日本が3D化される日

上の画像を見て何のアプリか分かりますか?
ある地点の航空写真のようですね。Googleマップだと思った方は多いようですが、実は違います。
国土交通省が進めている、プロジェクト「Project PLATEAU」なんです。
都市3Dデータの整備・公表計画で、東京23区からスタートして、都市データの航空写真や3Dデータやメタ情報などを、オープンデータ(つまり無料)で公開しています。
結構、頑張ってるんですね。
PLATEAU(プラトー)
上の画像は、国土交通省の「PLATEAU」データを、可視化ツール(Webアプリケーション)の「PLATEAU VIEW」で表示した、新宿区です。
ズームしてみると、3Dの建物が表示されています。これが白っぽく見えていました。
衛星写真の上に3Dオブジェクト(建物)を配置しています。
建物をクリックしてみると、赤っぽくハイライトし建物の属性情報が表示されます。
- 計測高さ
- 面積
- 地上・地下階数
- 用途
- 住所
- (準)防火地域か?
リアルな表現も可能
設定パネルで「テクスチャ付き」を選択すると、再描画が始まり、テクスチャが張り付いた3Dの建物が表示されます。
「テクスチャなし」の状態よりも建物が少なくなっています。
テクスチャがある建物のみ描画するのか、私のパソコンのスペックが低すぎて表示できるオブジェクト数が減ったのかは分かりませんが、スペックの低い私のパソコンでは描画完了まで2~3分待ちました。また、メモリも多く使用する為12Gのメモリを最大に使い、その後操作しようとしましたが、固まってしまいました。
建築物の詳細度
建築物の詳細度は、下記のように分かれており順次公開されていくということです。
詳細度
- LOD1:平面の国土地理院地図をもとに建物の外枠を作り、高さだけを補完
- LOD2:さらに屋根形状やテクスチャーを追加
- LOD3:窓などの詳細な形状を含む
- LOD4:建物の内部を含める
建物は時間がたてば、建て替えられたりしますが、一回作った後どのタイミングで更新されるのでしょうか?LOD4の「建物の内部」だと、外観以上に変更は多いので参照したデータが古かったということが頻繁に発生しそうです。データの品質・鮮度の担保はどうしていくのか、興味があります。
国土交通省の狙い
これまで、Googleマップや、ストリートビューを使うことが多かったと思います。
国土交通省の狙いとしては、GoogleやAppleなどの地図・地形データは、企業のデータであり有償のデータです。有償の認識は少ないと思いますが、GoogleマップのAPI(開発用でマップにアクセスする為のプログラム)では、マップにリクエスト何回で、費用が決まっていたりします。
国土交通省としては、他企業のデータを使うのではなく、自前のオープン(無償)データで、様々な分析・可視化ができるようにと整備を進めているようです。

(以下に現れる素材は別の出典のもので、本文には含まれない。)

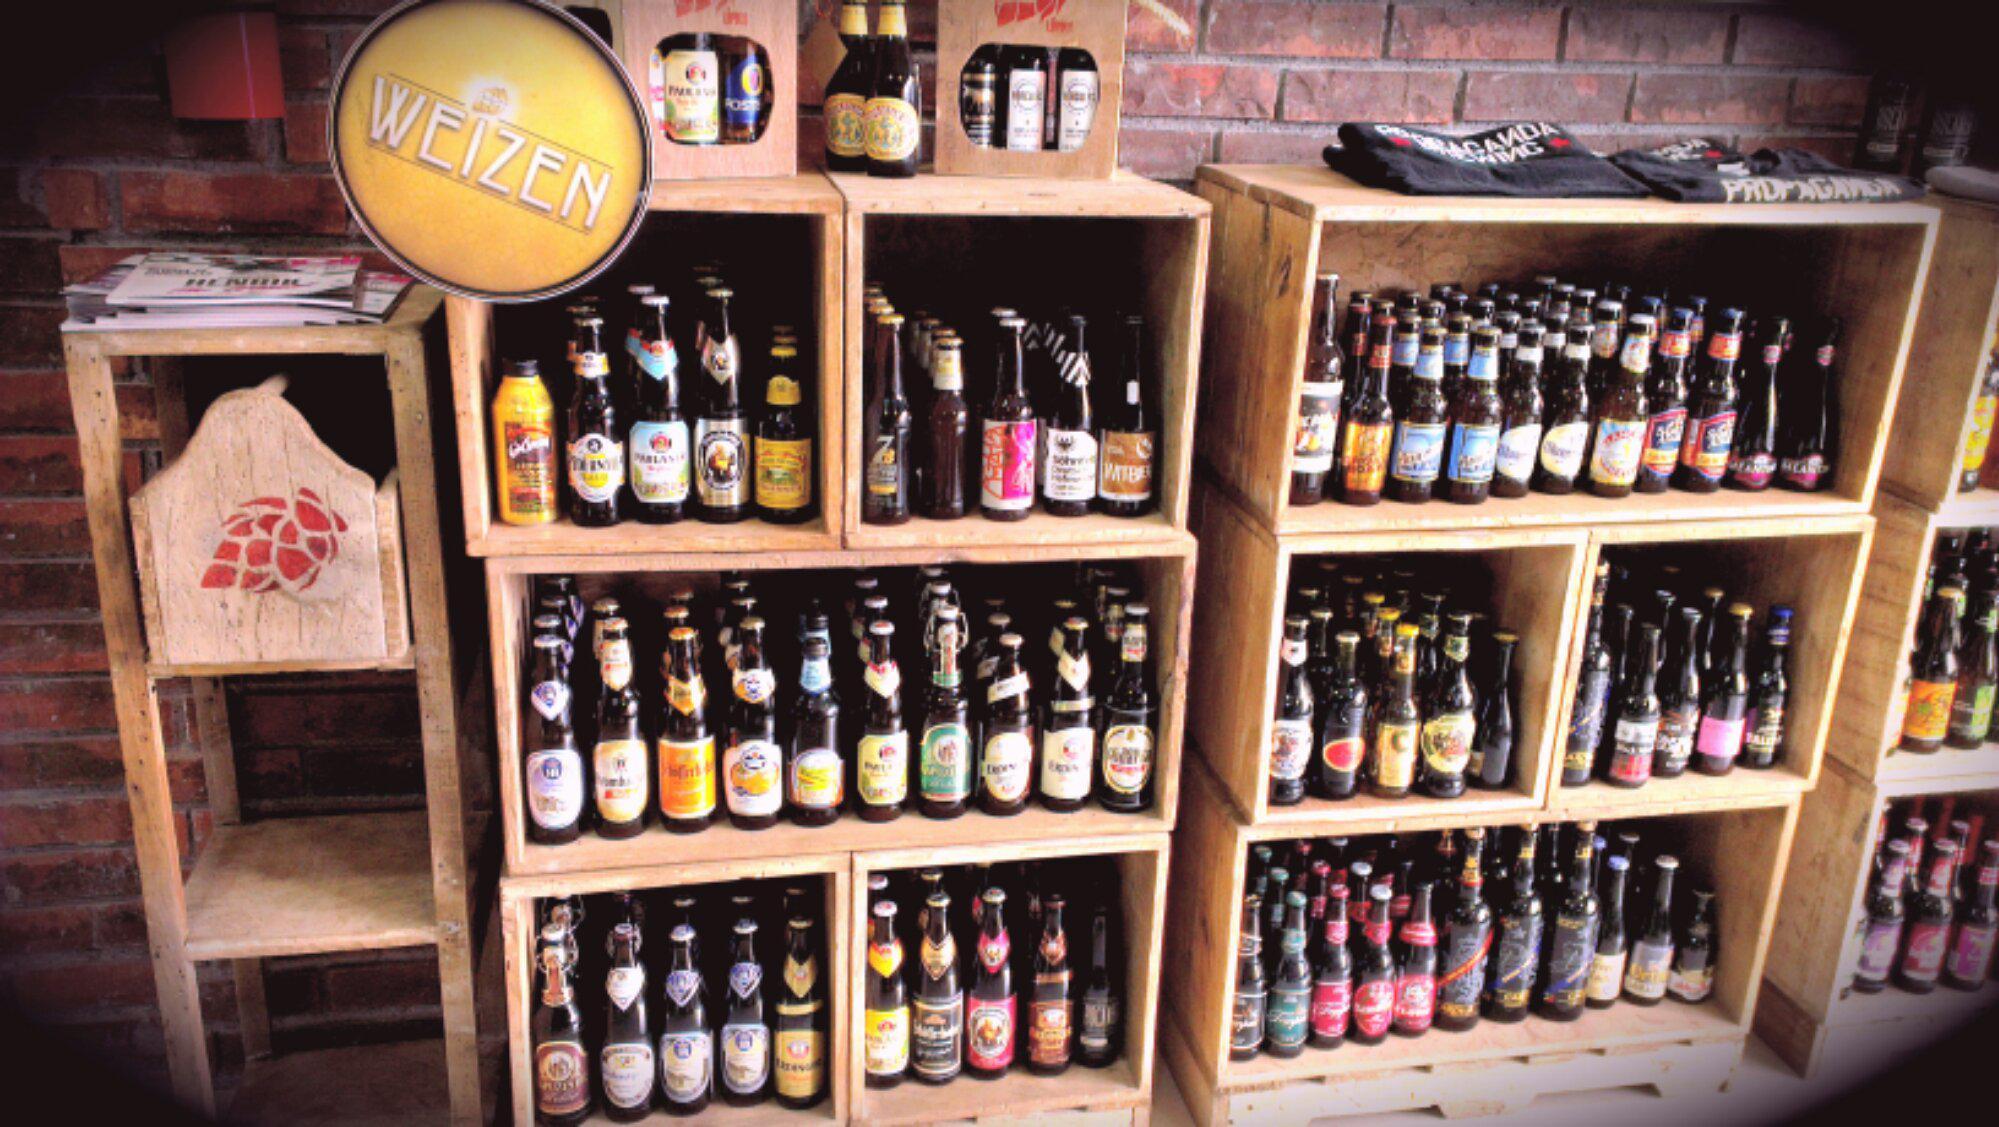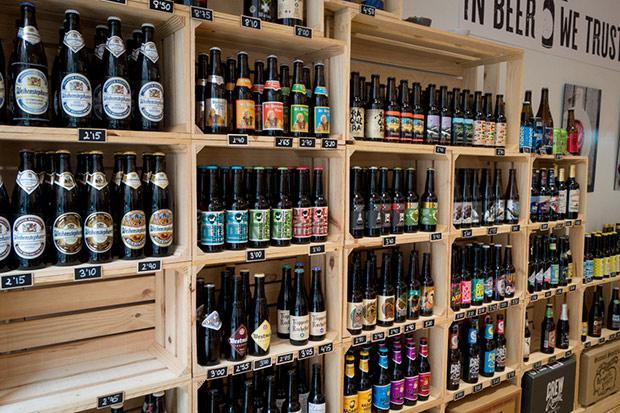The first image is the image on the left, the second image is the image on the right. Assess this claim about the two images: "In at least one image there are at least two sets of shelves holding at least three levels of beer bottles.". Correct or not? Answer yes or no. Yes. The first image is the image on the left, the second image is the image on the right. Assess this claim about the two images: "All of the beer is on shelving.". Correct or not? Answer yes or no. Yes. 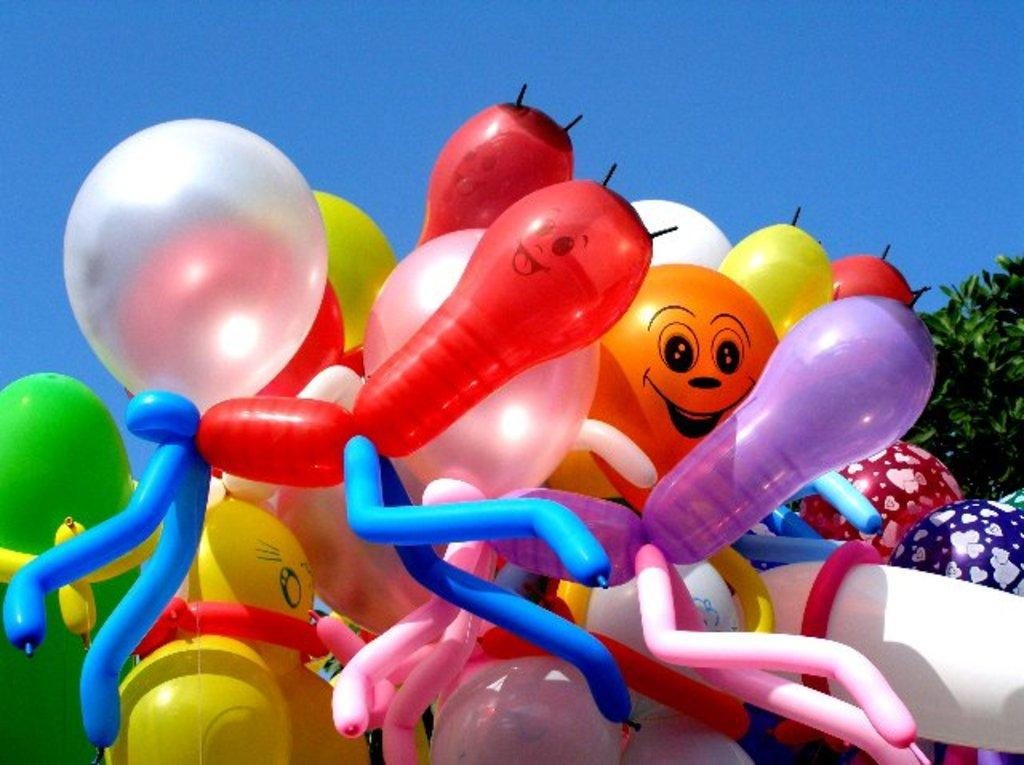What objects are floating in the image? There are balloons in the image. What type of vegetation is present in the image? There are trees in the image. What part of the natural environment is visible in the image? The sky is visible in the image. What type of sound can be heard coming from the birthday celebration in the image? There is no mention of a birthday celebration or any sounds in the image, so it's not possible to determine what, if any, sounds might be heard. 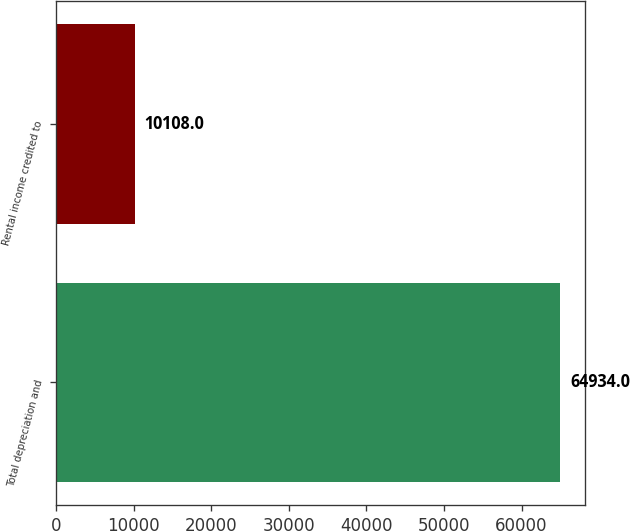<chart> <loc_0><loc_0><loc_500><loc_500><bar_chart><fcel>Total depreciation and<fcel>Rental income credited to<nl><fcel>64934<fcel>10108<nl></chart>

3D都市モデルを体感できるWEBアプリ | PLATEAU VIEW | PLATEAU [プラトー]
PLATEAUのデータをプレビューできるブラウザベースのWEBアプリケーション「PLATEAU VIEW」について紹介する。
今後
今は、東京都のみですが日本全国に手を伸ばすようです。今後、自分たちの街が、どのように3D化されるのか期待しましょう。
また、建物の3Dを表示するだけでなく、駅や病院などの施設を注記で示す機能がありますが、駅名は表示できましたが、病院は表示されませんでした。
また、想定規模/想定最大の浸水ランクを川ごとに表示する機能も、ボタンとしてはありますが特に変化が無かったのでこれから実現されていくのでしょう。
まとめ
Googleマップ・ストリートビューは非常に膨大な時間を費やして構築されています。写真でも相当な費用と時間が掛かっていますが、3Dモデルだと更に時間が掛かる作業になります。今から後追いで、何年かけて実現するのか気になるところです。
このプロジェクトの目的は、全国の3Dデータを作る事ではなく、シミュレーション、ビジュアライゼーション、エンターテイメントなどデジタルと実世界の融合(デジタルツイン)を目指しているので、ご自分の街が3D化されていないと文句を言うのは、筋が違うかもしれませんね。
私は、このような国の税金を使って整備しているデータを、これまでは一部の研究機関のみが使うだけだったものが、オープン化されたことは評価できますし、今後の発展の加速にも寄与すると思います。